Authors: Y. Gao, G. Cheung, T. Maugey, P. Frossard, J. Liang
Title: Encoder-Driven Inpainting Strategy in Multiview Video Compression, accepted in IEEE Transactions on Image Processing (J14)
Abstract: In free viewpoint video systems, a user has the freedom to select a virtual view from which an image of the 3D scene is rendered, and the scene is commonly represented by texture and depth images of multiple nearby viewpoints. In such representation, there exists data redundancy across multiple dimensions: a 3D voxel may be represented by pixels in multiple viewpoint images (inter- view redundancy), a pixel patch may recur in a distant spatial region of the same image due to self-similarity (inter-patch redundancy), and pixels in a local spatial region tend to be similar (inter- pixel redundancy).

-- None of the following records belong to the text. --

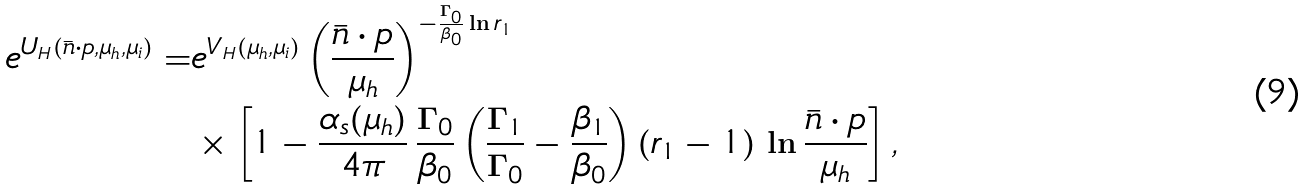<formula> <loc_0><loc_0><loc_500><loc_500>e ^ { U _ { H } ( \bar { n } \cdot p , \mu _ { h } , \mu _ { i } ) } = & e ^ { V _ { H } ( \mu _ { h } , \mu _ { i } ) } \left ( \frac { \bar { n } \cdot p } { \mu _ { h } } \right ) ^ { - \frac { \Gamma _ { 0 } } { \beta _ { 0 } } \ln r _ { 1 } } \\ & \times \left [ 1 - \frac { \alpha _ { s } ( \mu _ { h } ) } { 4 \pi } \, \frac { \Gamma _ { 0 } } { \beta _ { 0 } } \left ( \frac { \Gamma _ { 1 } } { \Gamma _ { 0 } } - \frac { \beta _ { 1 } } { \beta _ { 0 } } \right ) ( r _ { 1 } - 1 ) \, \ln \frac { \bar { n } \cdot p } { \mu _ { h } } \right ] ,</formula> 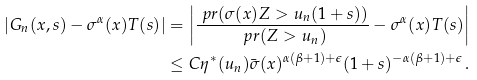<formula> <loc_0><loc_0><loc_500><loc_500>\left | G _ { n } ( x , s ) - \sigma ^ { \alpha } ( x ) T ( s ) \right | & = \left | \frac { \ p r ( \sigma ( x ) Z > u _ { n } ( 1 + s ) ) } { \ p r ( Z > u _ { n } ) } - \sigma ^ { \alpha } ( x ) T ( s ) \right | \\ & \leq C \eta ^ { * } ( u _ { n } ) \bar { \sigma } ( x ) ^ { \alpha ( \beta + 1 ) + \epsilon } ( 1 + s ) ^ { - \alpha ( \beta + 1 ) + \epsilon } \, .</formula> 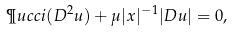<formula> <loc_0><loc_0><loc_500><loc_500>\P u c c i ( D ^ { 2 } u ) + \mu | x | ^ { - 1 } | D u | = 0 ,</formula> 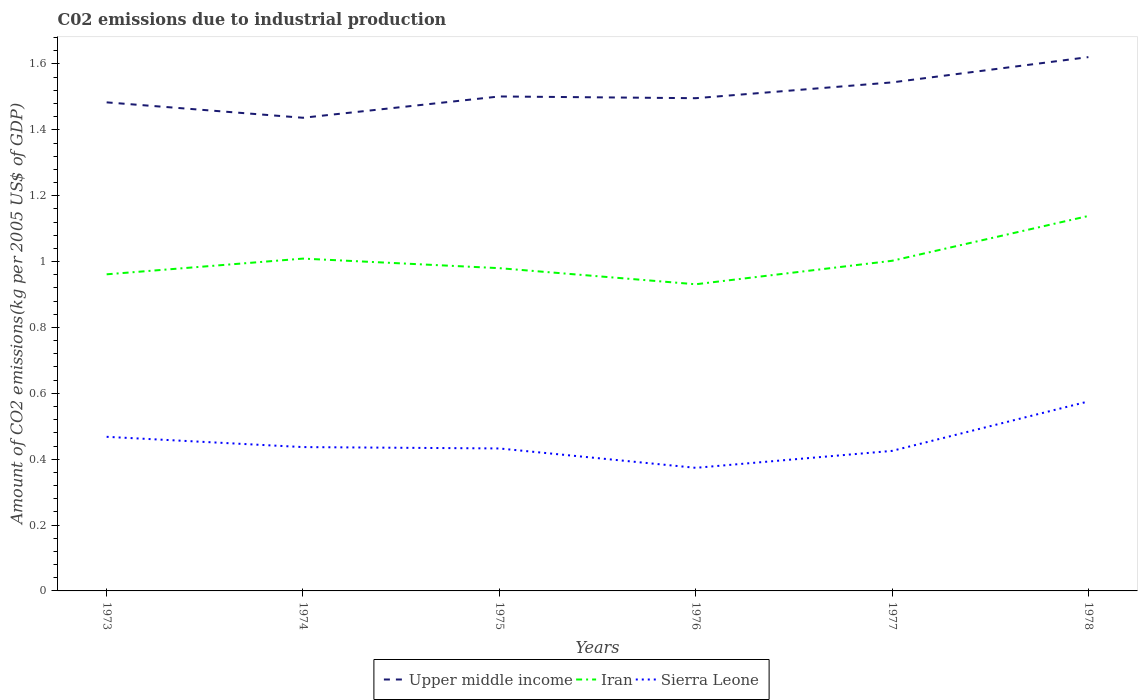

It is important to exploit these redundancies during inter-view prediction towards effective multiview video compression. In this paper, we propose an encoder-driven inpainting strategy for inter-view predictive coding, where explicit instructions are transmitted minimally, and the decoder is left to independently recover remaining missing data via inpainting, resulting in lower coding overhead. Specifically, after pixels in a reference view are projected to a target view via depth-image-based rendering (DIBR) at the decoder, the remaining holes in the target view are filled via an inpainting process in a block-by-block manner. First, blocks are ordered in terms of difficulty-to-inpaint by the decoder. Then, explicit instructions are only sent for the reconstruction of the most difficult blocks. In particular, the missing pixels are explicitly coded via a graph Fourier transform (GFT) or a sparsification procedure using DCT, leading to low coding cost. For blocks that are easy to inpaint, the decoder independently completes missing pixels via template-based inpainting. We apply our proposed scheme to frames in a prediction structure defined by JCT-3V where inter-view prediction is dominant, and experimentally we show that our scheme achieves up to 3 dB gain in PSNR in reconstructed image quality over a comparable 3D-HEVC implementation using fixed 16 × 16 block size.